Position Summary
- We are seeking a technical writer who will author and review Analytical Test Methods to commercialize procedures for the QC testing area by working closely with method experts.
- The candidate may also author and review documents supporting regulatory submissions working closely with regulatory groups.
- The successful candidate must function well and be able to collaborate in a fast-paced, integrated, multidisciplinary team environment.
Primary Responsibilities:
- Authoring and critically reviewing technical documents including Regulatory Filing sections and Analytical Test Methods.
- Authoring and reviewing documentation compliant with current Good Manufacturing Practices (cGMP), including Second Person Review or Second Scientist Review.
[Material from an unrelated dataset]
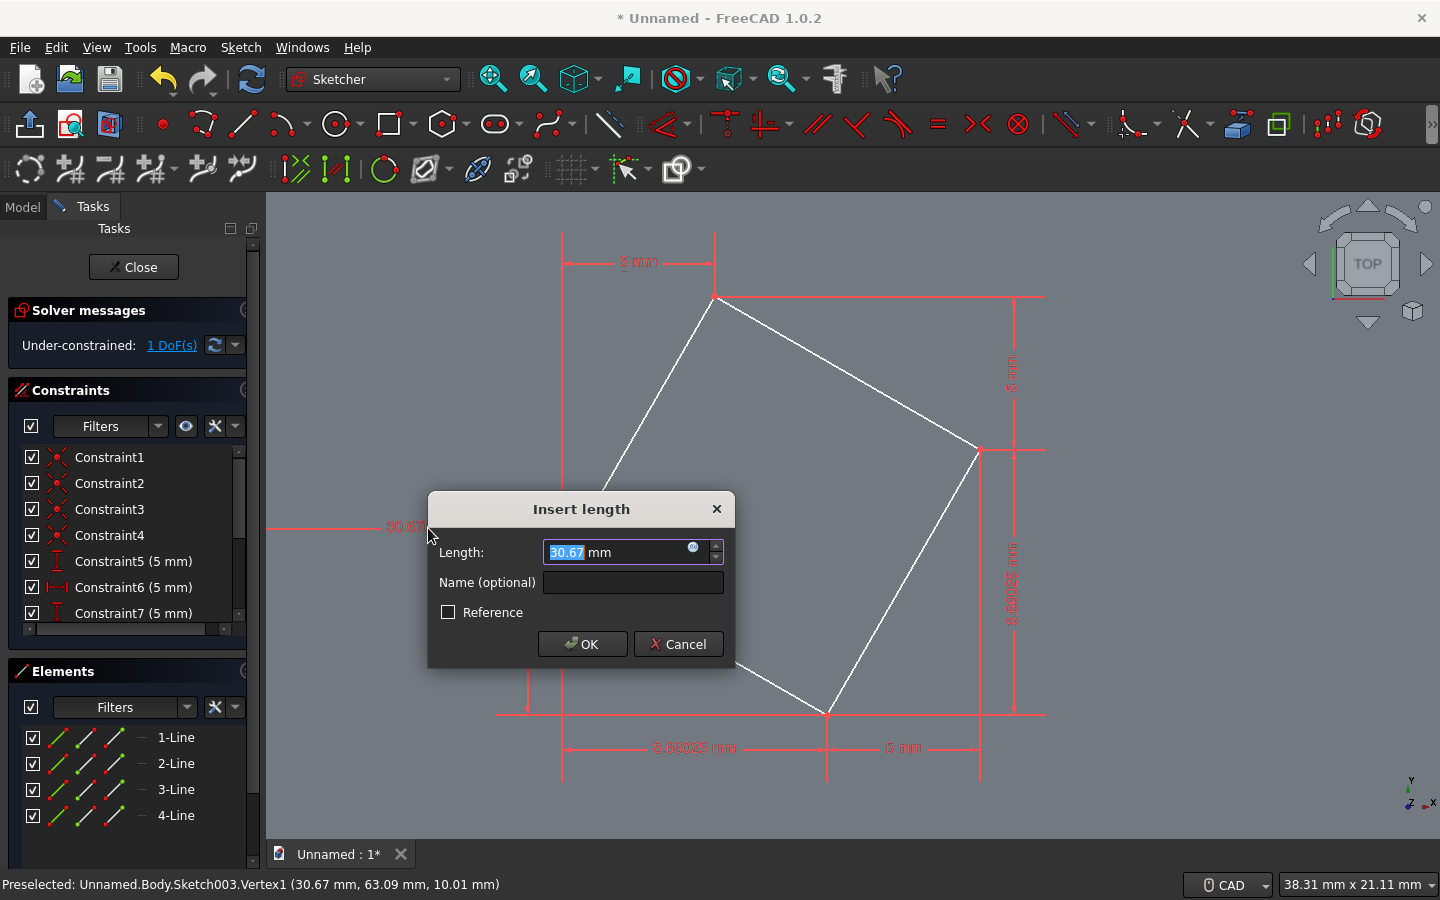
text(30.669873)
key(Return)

- Participate in group initiatives related to document standards, template development, internal processes, and other aspects of document management.
- Collaborate closely with key stakeholders.
Software Skills: MS Office Suite.
Personality:
- Detail oriented.
- Excellent writing skills.
- Collaborative.
- Good communication and interpersonal skills.
Qualifications:
Education:
- Minimum qualification- BS/BA in life sciences/engineering is required.
- Master's degree/PHD preferred.
Required Experience and Skills:
- At least 2 years working experience in a cGMP laboratory environment.
- Experience in the biopharmaceutical manufacturing industry, such as in biologics or vaccines commercialization, technical operations, or quality control.
- Strong oral and written communication skills.
- Work independently and within cross-functional teams.
- Maintain a proactive and service-oriented mindset.
- Experience with MS Office and document repository systems.
Preferred Experience and Skills:
- Experience with analytical method validation and transfer according to ICH and USP guidelines.
- Experience with laboratory data management systems.